Ralph-thank you for your very polite and informative response. I apologize for my strong words directed at you.
No worries- and no offense taken. But I appreciate your words.
What is odd, and I am not quite understanding this part, is why with my
older CAT phono stage, which did not use a SUT at all, that a load of
750 ohms was better sounding than straight in at 47Kohms, yet with my
new model, this is definitely not the case. Presumably due to the SUT in
my new CAT??
A lot to unpack here....
Its a lot easier to build a tube input circuit that has much higher overload characteristics! In a tube circuit meant for LOMC, if you overload it with too much input voltage, the overload isn't occurring in the input stage- it happens further downstream. With solid state, the overload often occurs at or very near the input, often because the circuit uses feedback, and the input section might be outside the feedback loop- even if its only the base of a transistor. But semiconductors are far more likely to rectify RF energy too, since they are diodes at some point or another. Its this latter characteristic that makes them more pesky in this regard.

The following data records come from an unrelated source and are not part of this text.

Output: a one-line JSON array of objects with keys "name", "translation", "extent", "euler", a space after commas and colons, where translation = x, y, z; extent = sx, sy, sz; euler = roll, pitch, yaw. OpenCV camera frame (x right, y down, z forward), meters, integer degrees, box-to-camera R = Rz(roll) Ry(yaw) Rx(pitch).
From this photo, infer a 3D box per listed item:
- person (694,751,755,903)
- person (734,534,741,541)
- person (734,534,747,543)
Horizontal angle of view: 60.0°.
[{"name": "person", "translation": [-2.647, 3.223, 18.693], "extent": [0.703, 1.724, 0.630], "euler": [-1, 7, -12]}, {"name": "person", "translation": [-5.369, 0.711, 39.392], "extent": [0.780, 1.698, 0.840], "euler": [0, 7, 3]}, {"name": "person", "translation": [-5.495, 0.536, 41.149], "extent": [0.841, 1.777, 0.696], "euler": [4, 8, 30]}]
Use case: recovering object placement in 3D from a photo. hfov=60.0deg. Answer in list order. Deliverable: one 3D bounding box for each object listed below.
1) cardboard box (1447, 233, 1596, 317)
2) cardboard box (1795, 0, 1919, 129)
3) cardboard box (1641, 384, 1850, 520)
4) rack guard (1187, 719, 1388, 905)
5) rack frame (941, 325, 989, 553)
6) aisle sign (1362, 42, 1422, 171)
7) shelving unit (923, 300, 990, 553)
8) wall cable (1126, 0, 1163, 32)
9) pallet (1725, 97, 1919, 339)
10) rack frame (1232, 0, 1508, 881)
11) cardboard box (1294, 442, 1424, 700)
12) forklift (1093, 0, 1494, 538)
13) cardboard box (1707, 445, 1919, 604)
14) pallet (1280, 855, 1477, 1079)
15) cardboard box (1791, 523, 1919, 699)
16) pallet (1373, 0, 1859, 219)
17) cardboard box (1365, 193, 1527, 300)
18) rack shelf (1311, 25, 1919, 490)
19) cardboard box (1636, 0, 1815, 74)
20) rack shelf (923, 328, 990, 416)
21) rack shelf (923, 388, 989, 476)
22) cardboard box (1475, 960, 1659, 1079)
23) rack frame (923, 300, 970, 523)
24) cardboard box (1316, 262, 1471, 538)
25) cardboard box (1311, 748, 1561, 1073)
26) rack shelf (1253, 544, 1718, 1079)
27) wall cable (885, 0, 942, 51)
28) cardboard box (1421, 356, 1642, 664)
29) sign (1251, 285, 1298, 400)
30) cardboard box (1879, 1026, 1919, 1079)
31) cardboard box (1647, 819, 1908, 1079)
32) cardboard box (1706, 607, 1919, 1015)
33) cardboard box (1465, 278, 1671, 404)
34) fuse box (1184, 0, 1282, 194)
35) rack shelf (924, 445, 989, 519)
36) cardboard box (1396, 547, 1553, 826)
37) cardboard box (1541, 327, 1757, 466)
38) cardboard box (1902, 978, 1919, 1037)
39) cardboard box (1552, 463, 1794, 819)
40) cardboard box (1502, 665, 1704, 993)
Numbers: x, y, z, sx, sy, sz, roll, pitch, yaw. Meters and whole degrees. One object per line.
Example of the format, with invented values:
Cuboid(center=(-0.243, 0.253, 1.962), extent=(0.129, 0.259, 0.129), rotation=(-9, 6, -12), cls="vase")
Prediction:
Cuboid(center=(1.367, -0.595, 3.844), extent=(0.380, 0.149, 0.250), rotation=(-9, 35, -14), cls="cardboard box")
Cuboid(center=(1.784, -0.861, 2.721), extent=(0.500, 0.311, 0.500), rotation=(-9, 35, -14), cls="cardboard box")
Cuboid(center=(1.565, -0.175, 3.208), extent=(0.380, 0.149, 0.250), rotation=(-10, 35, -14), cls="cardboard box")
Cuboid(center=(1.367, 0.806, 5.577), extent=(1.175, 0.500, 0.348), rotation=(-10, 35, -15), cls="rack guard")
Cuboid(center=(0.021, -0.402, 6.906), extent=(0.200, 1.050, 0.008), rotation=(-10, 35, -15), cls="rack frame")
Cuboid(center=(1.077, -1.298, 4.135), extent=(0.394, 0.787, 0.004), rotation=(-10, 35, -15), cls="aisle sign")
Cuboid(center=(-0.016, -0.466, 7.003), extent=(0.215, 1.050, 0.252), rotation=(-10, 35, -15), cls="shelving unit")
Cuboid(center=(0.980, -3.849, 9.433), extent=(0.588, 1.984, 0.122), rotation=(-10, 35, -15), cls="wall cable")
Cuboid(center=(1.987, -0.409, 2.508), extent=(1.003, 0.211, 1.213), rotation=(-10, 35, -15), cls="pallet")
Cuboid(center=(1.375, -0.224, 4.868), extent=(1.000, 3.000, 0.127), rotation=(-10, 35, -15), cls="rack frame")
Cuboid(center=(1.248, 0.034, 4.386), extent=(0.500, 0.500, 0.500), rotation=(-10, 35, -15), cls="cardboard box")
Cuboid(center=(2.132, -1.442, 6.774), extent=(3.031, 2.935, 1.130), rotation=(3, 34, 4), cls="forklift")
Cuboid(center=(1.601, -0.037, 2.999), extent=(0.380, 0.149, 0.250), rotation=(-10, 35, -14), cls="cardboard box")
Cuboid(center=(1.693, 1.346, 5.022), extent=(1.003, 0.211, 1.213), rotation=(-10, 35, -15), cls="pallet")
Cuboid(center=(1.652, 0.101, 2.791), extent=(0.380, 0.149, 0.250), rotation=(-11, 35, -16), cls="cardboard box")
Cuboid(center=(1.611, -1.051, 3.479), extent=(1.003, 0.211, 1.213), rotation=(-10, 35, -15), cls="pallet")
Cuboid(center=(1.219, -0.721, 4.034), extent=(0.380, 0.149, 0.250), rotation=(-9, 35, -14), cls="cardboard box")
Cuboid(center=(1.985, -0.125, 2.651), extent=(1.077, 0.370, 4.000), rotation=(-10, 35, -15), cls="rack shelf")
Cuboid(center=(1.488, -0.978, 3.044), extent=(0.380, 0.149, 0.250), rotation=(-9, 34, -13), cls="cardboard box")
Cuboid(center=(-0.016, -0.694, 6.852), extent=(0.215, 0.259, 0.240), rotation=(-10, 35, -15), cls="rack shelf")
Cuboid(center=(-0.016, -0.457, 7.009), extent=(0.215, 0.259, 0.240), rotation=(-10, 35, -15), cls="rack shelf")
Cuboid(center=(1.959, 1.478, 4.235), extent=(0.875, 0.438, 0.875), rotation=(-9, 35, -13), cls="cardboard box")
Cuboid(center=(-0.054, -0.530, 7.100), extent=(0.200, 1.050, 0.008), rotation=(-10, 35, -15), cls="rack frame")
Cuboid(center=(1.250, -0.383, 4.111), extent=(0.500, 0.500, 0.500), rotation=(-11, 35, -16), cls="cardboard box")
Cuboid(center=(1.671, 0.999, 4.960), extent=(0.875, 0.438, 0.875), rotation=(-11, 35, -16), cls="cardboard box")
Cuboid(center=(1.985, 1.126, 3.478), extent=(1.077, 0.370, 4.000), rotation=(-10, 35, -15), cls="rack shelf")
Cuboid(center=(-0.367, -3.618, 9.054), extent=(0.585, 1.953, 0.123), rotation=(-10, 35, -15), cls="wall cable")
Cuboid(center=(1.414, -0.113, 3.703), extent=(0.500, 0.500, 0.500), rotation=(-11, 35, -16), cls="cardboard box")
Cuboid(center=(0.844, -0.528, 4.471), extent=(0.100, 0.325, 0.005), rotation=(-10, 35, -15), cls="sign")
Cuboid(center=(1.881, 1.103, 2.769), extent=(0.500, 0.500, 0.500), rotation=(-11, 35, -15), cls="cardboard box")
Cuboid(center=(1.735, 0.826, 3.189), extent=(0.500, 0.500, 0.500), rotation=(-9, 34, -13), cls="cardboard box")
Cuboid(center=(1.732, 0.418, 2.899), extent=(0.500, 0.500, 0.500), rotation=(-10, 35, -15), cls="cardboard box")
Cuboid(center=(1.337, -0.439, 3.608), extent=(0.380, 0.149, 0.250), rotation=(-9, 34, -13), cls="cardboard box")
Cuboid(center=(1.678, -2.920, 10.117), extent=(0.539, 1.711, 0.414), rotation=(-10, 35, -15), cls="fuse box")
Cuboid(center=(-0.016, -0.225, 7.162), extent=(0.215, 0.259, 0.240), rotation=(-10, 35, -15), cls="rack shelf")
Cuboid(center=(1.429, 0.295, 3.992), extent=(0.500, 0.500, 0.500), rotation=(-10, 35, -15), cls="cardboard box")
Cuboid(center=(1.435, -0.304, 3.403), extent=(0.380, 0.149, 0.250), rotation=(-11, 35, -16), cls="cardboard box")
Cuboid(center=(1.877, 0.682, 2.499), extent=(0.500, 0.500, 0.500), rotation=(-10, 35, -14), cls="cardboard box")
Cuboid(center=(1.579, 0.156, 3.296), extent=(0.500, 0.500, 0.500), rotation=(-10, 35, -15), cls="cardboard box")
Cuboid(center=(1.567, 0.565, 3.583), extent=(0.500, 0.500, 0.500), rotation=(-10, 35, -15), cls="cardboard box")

SUTs are another matter altogether! I suspect Ken got tired of people calling about noisy tubes and SUTs are a way to get around that. For tubes to be really quiet in the front end of a phono section, they have to be at the top of their game. As they lose transconductance with age, the noise goes up. You have to keep the tubes active even when the preamp is being used playing CDs, so the tubes are going downhill all the time. By installing an SUT, you can easily quadruple the usable life of the input tubes.
But that comes at a price! SUTs have to be properly loaded to prevent ringing (distortion) and the proper load varies from cartridge to cartridge, since transformers **transform** impedance. So if you have a 10 ohm cartridge, the output of the SUT will be an impedance much higher than if you have a 5 ohm cartridge. So the load it needs will be different too. If the load is insufficient (too high impedance) the transformer will ring, which is to say some very high amplitude harmonics will appear at its output. This makes them very tricky to use! I find that even with them set up right, you lose a bit of detail (bandwidth at this signal level shouldn't be an issue)- that's why I've really stayed away from transformers in the audio path.
It does make sense-once one understands the higher resistor value being
to ground-that the lower resistor value approaches a short circuit and
that the cantilever becomes stiffer and less damped, not less stiff and
more damped. Damping is the absorption/dissipation of energy.
Just to be clear- if you load the cartridge more, the cantilever will be more damped in addition to being stiffer. This can affect tracking if you get the resulting mechanical resonance outside of the 7-12Hz window.
I still maintain-righty or wrongly-that two things are at play with
loading. One can argue that they are interrelated. One is preventing
ringing/overload and another is changing the magnetically induced
behavior of the cantilever.
We need to be really specific about what is happening here. Many years ago I had this idea about building a little box that would sort out what the ideal loading value was for a LOMC cartridge. This might have been about 30-35 years ago... At any rate, what I found was that **the cartridge itself does not ring at audio frequencies**. You can pass a 10KHz square wave through it and it will look exactly like a 10KHz square wave at either end of the cartridge. Quite simply the inductance is so low that its inconsequential at audio frequencies. It can't ring (and on this point, MM cartridge most definitely **can**, so loading with them as affecting things at or very near audio frequencies). BUT- it can have effects at much higher frequencies as I described earlier. (The result of my research in this regard was that I would not be able to make such a box, since ringing wasn't the issue.)
BTW, if there is some question about what the load should be,
@lewm 's rule of thumb of being 10X higher than that of the cartridge itself is a pretty good one. Such a value will detune the radio frequency issues and won't affect the output level of the cartridge.
There are more than just two things going on with loading- and they are very much interrelated as you say. Two are caused by the cantilever getting stiffer- it can affect how the cartridge tracks and its arguable that being less supple, is less able to trace higher frequencies. So that's two things. But the loading affects the preamp too; by eliminating the RFI at the phono input, it can make the preamp less bright (a common result of RFI in audio circuits) and possibly less ticks and pops if the phono section has poor high frequency overload margins.